[Server-sky] paper on vibrational modes of a disk (3)

[Keith Lofstrom]

On Sat, Mar 28, 2009 at 05:46:14PM -0700, Howard Davidson wrote:
> I would expect that the amplitude of any drumhead modes would be much to 
> small to see at RF.  I am much more concerned by secular drifts and slow 
> angular excursions of the whole object.

Indeed, whole object movements need to be well controlled.  Remember that
I have very fine control of the rotation, and that the rates of movement
tend to be very slow compared to measurement and computation, and we are
in the "pure physics zone" - wind gusts and environmental perturbations
are not a problem, tidal forces vary slowly, and even the impulses of the
radiation flux tends to average out over a largish object like this.

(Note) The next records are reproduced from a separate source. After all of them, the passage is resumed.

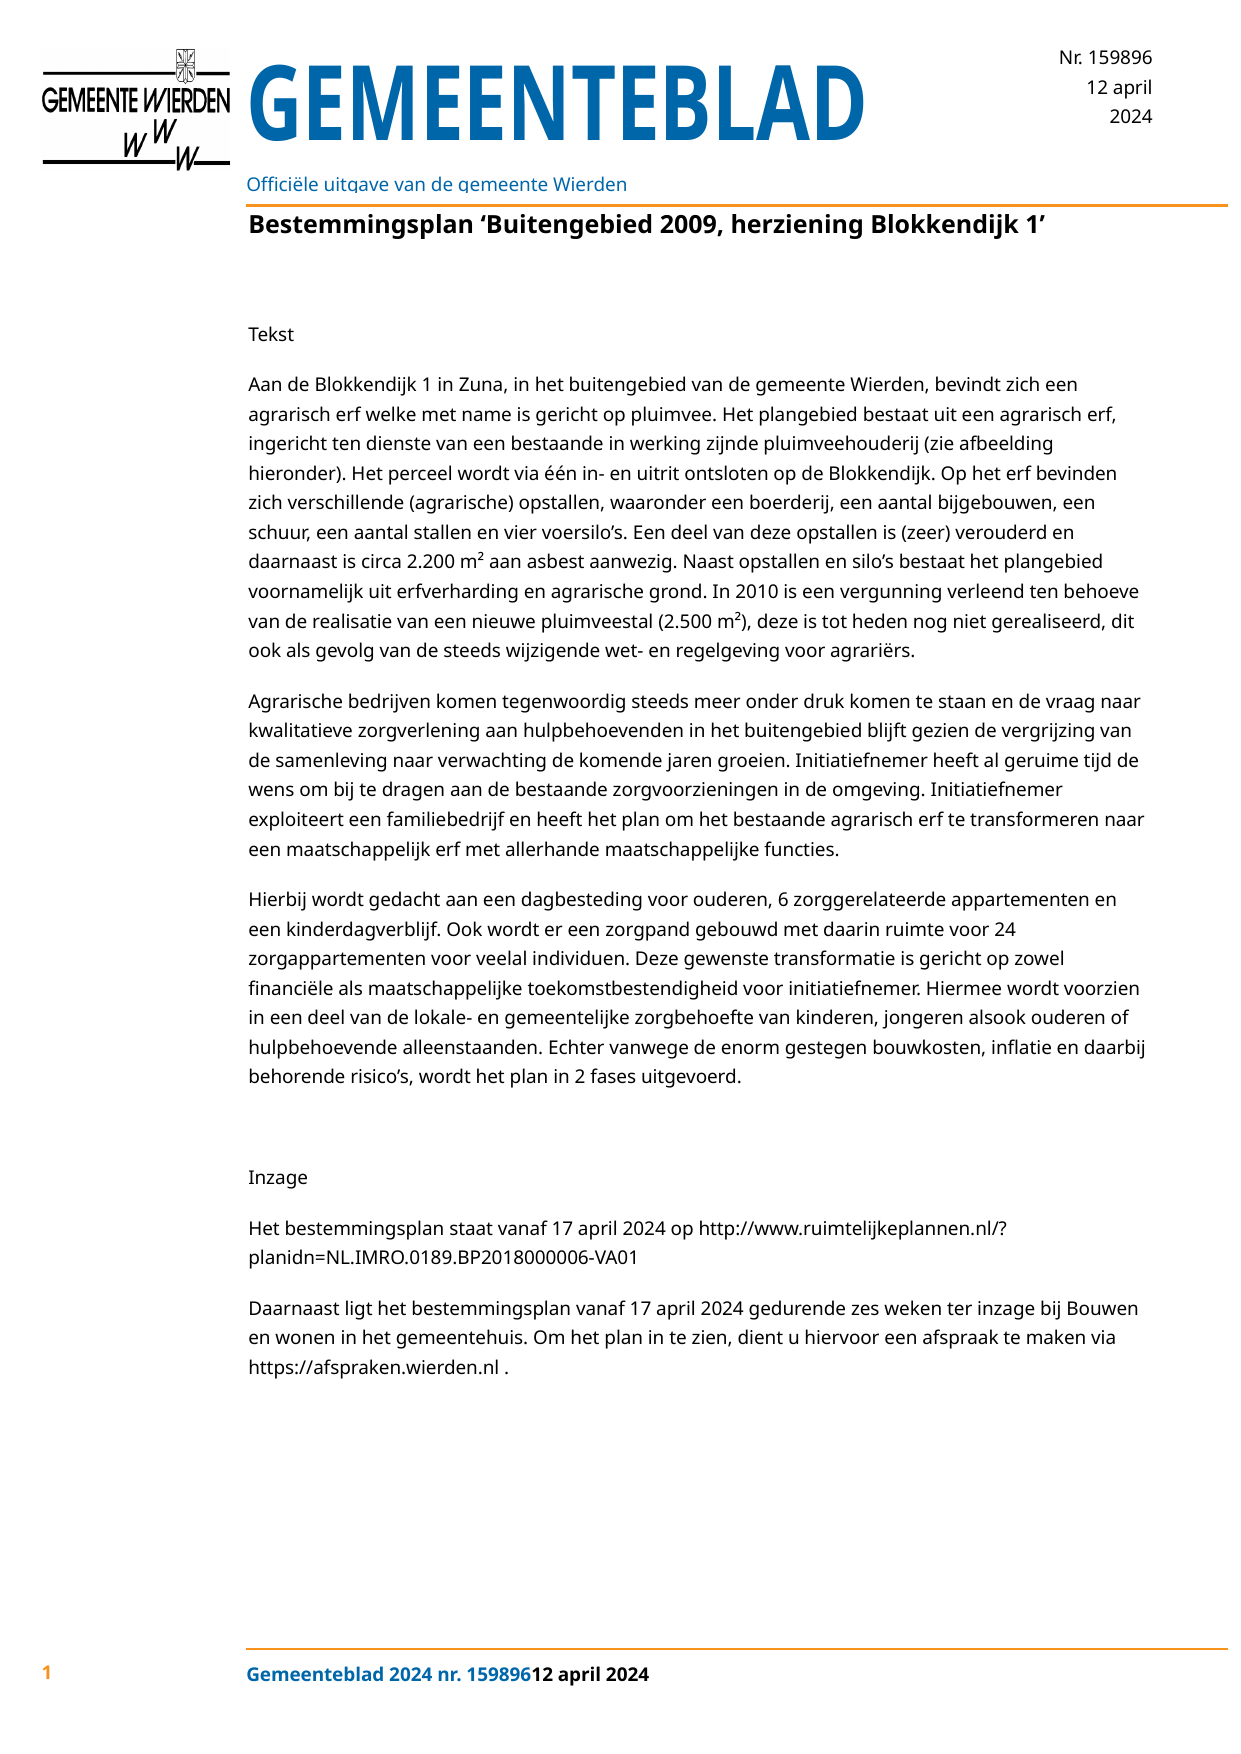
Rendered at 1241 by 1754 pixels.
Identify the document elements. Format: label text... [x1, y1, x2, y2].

picture [41, 47, 231, 172]
text Hierbij wordt gedacht aan een dagbesteding voor ouderen, 6 zorggerelateerde appartementen en een kinderdagverblijf. Ook wordt er een zorgpand gebouwd met daarin ruimte voor 24 zorgappartementen voor veelal individuen. Deze gewenste transformatie is gericht op zowel financiële als maatschappelijke toekomstbestendigheid voor initiatiefnemer. Hiermee wordt voorzien in een deel van de lokale- en gemeentelijke zorgbehoefte van kinderen, jongeren alsook ouderen of hulpbehoevende alleenstaanden. Echter vanwege de enorm gestegen bouwkosten, inflatie en daarbij behorende risico’s, wordt het plan in 2 fases uitgevoerd. [248, 886, 1152, 1089]
text Inzage [248, 1164, 1152, 1190]
text Tekst [248, 321, 1152, 346]
text Aan de Blokkendijk 1 in Zuna, in het buitengebied van de gemeente Wierden, bevindt zich een agrarisch erf welke met name is gericht op pluimvee. Het plangebied bestaat uit een agrarisch erf, ingericht ten dienste van een bestaande in werking zijnde pluimveehouderij (zie afbeelding hieronder). Het perceel wordt via één in- en uitrit ontsloten op de Blokkendijk. Op het erf bevinden zich verschillende (agrarische) opstallen, waaronder een boerderij, een aantal bijgebouwen, een schuur, een aantal stallen en vier voersilo’s. Een deel van deze opstallen is (zeer) verouderd en daarnaast is circa 2.200 m² aan asbest aanwezig. Naast opstallen en silo’s bestaat het plangebied voornamelijk uit erfverharding en agrarische grond. In 2010 is een vergunning verleend ten behoeve van de realisatie van een nieuwe pluimveestal (2.500 m²), deze is tot heden nog niet gerealiseerd, dit ook als gevolg van de steeds wijzigende wet- en regelgeving voor agrariërs. [248, 371, 1152, 663]
text Daarnaast ligt het bestemmingsplan vanaf 17 april 2024 gedurende zes weken ter inzage bij Bouwen en wonen in het gemeentehuis. Om het plan in te zien, dient u hiervoor een afspraak te maken via https://afspraken.wierden.nl . [248, 1295, 1152, 1380]
text Het bestemmingsplan staat vanaf 17 april 2024 op http://www.ruimtelijkeplannen.nl/?planidn=NL.IMRO.0189.BP2018000006-VA01 [248, 1215, 1152, 1270]
text Agrarische bedrijven komen tegenwoordig steeds meer onder druk komen te staan en de vraag naar kwalitatieve zorgverlening aan hulpbehoevenden in het buitengebied blijft gezien de vergrijzing van de samenleving naar verwachting de komende jaren groeien. Initiatiefnemer heeft al geruime tijd de wens om bij te dragen aan de bestaande zorgvoorzieningen in de omgeving. Initiatiefnemer exploiteert een familiebedrijf en heeft het plan om het bestaande agrarisch erf te transformeren naar een maatschappelijk erf met allerhande maatschappelijke functies. [248, 688, 1152, 861]
text Bestemmingsplan ‘Buitengebied 2009, herziening Blokkendijk 1’ [248, 207, 1152, 241]
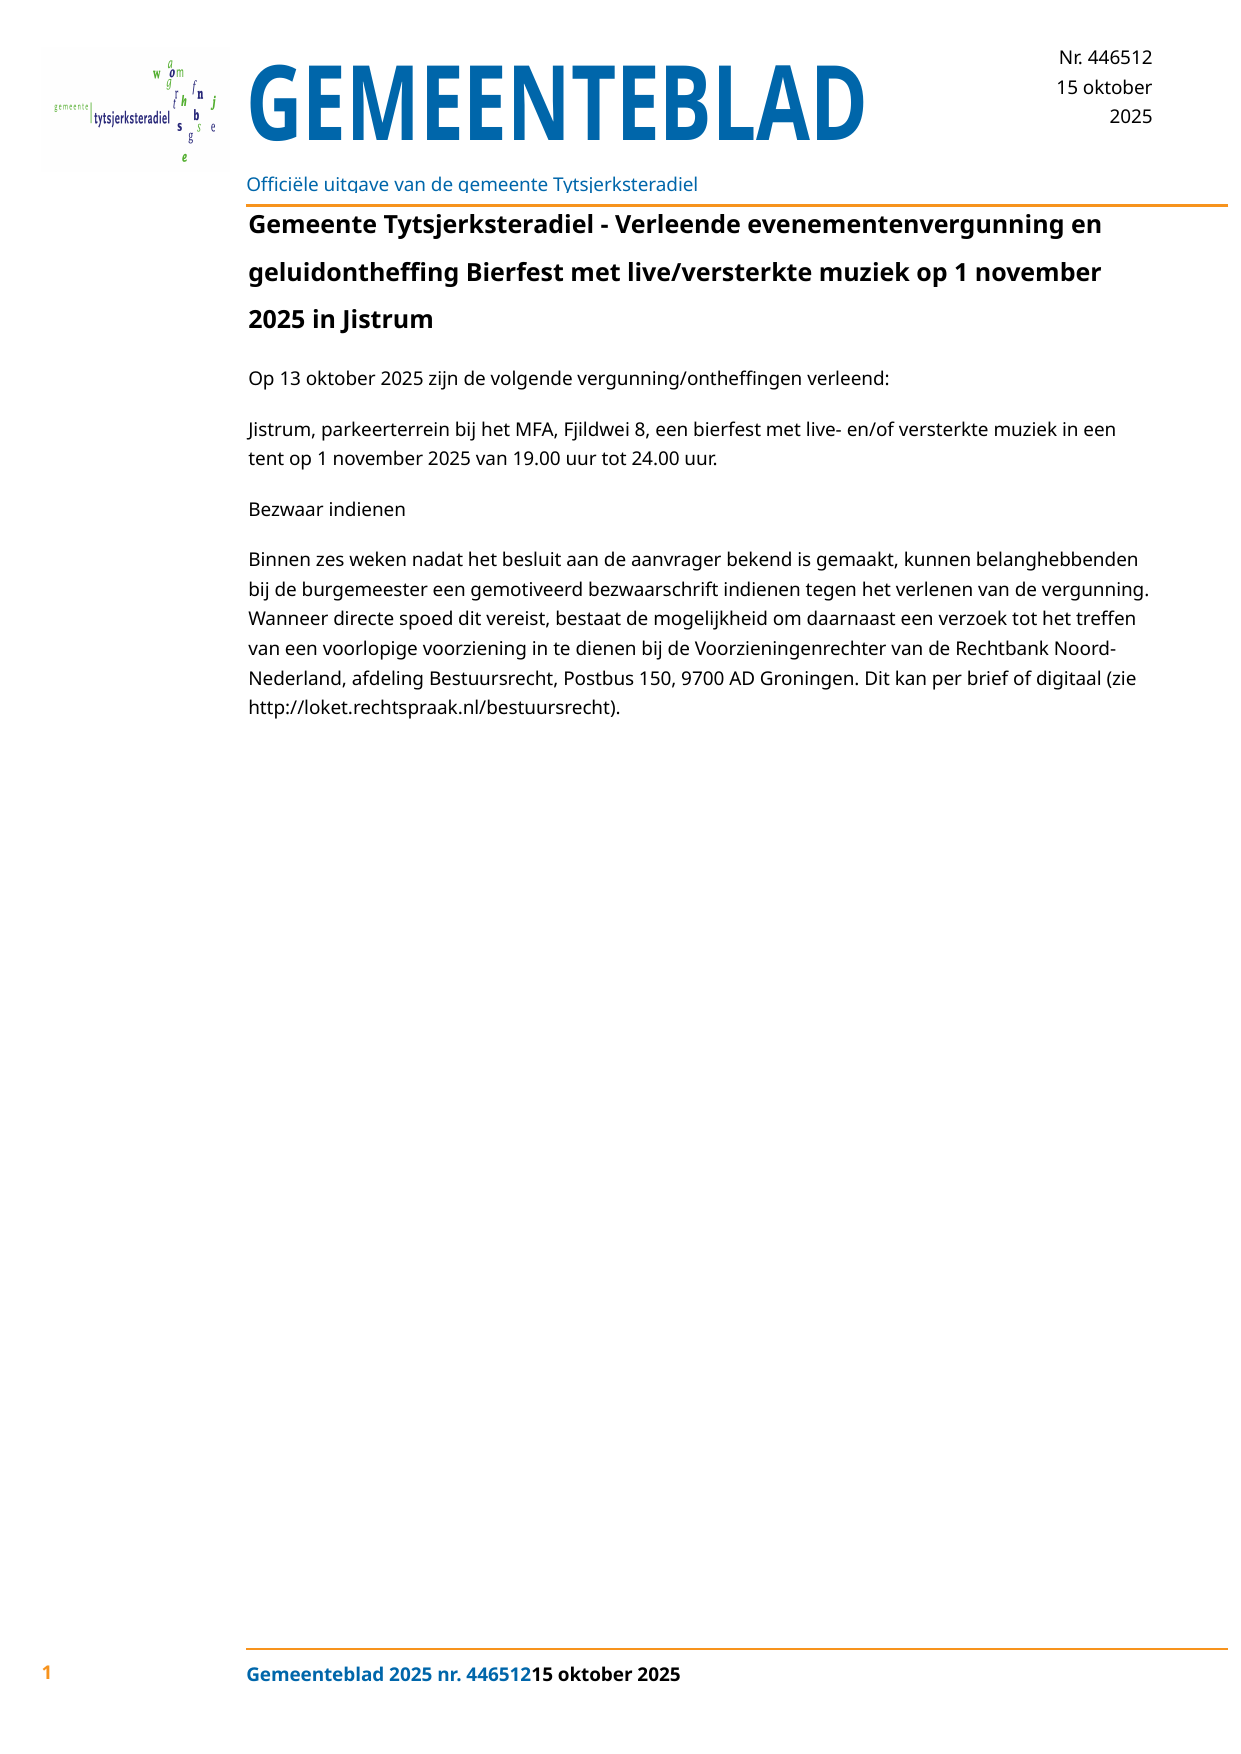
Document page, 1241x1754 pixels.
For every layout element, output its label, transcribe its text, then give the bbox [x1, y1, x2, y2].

text Jistrum, parkeerterrein bij het MFA, Fjildwei 8, een bierfest met live- en/of versterkte muziek in een tent op 1 november 2025 van 19.00 uur tot 24.00 uur. [248, 416, 1152, 471]
text Op 13 oktober 2025 zijn de volgende vergunning/ontheffingen verleend: [248, 366, 1152, 391]
picture [41, 47, 231, 172]
text Binnen zes weken nadat het besluit aan de aanvrager bekend is gemaakt, kunnen belanghebbenden bij de burgemeester een gemotiveerd bezwaarschrift indienen tegen het verlenen van de vergunning. Wanneer directe spoed dit vereist, bestaat de mogelijkheid om daarnaast een verzoek tot het treffen van een voorlopige voorziening in te dienen bij de Voorzieningenrechter van de Rechtbank Noord-Nederland, afdeling Bestuursrecht, Postbus 150, 9700 AD Groningen. Dit kan per brief of digitaal (zie http://loket.rechtspraak.nl/bestuursrecht). [248, 546, 1152, 720]
text Bezwaar indienen [248, 496, 1152, 522]
text Gemeente Tytsjerksteradiel - Verleende evenementenvergunning en geluidontheffing Bierfest met live/versterkte muziek op 1 november 2025 in Jistrum [248, 207, 1152, 336]

I don't think I can do much accurate distance or angle measurement within
one server-sat.   However, I can measure between server-sats, and my RF
buddies assure me that I can control oscillators within a fraction of a
degree.  If I do frequent calibrations, and average over many cycles, I'm
pretty sure I can reduce time/phase measurement errors down to very low
levels.  On one of my past projects I was delivering digitally controlled
arbitrarily timed pulses within 10 femtoseconds over a 1.2 nsec window
using ramp timers (synthesizing tester sampling windows).  That was per
pulse - averaging over billions of narrow band sinusoidal oscillations
has got to be better.

I hope that these have two positioning servo systems - one built into
the hardware, capable of gross position control, and one in uploadable
software (stored in flash) that is frequently improved as better software
comes along.  The software is in control most of the time, unless the
hardware control senses things are getting way out of hand.  So I expect
the positioning to get better and better as the ground engineers find
better algorithms and characterize the system better.

It occurs to me that there is something to learn from the LIGO mirror
positioning system.  This is actually very much like that, only at 
millimeter wavelengths rather than micron wavelengths.  If I can get
anything like the same pico-fringe behavior, I'm set.  Heck, a
milli-fringe between server-sats would work for me.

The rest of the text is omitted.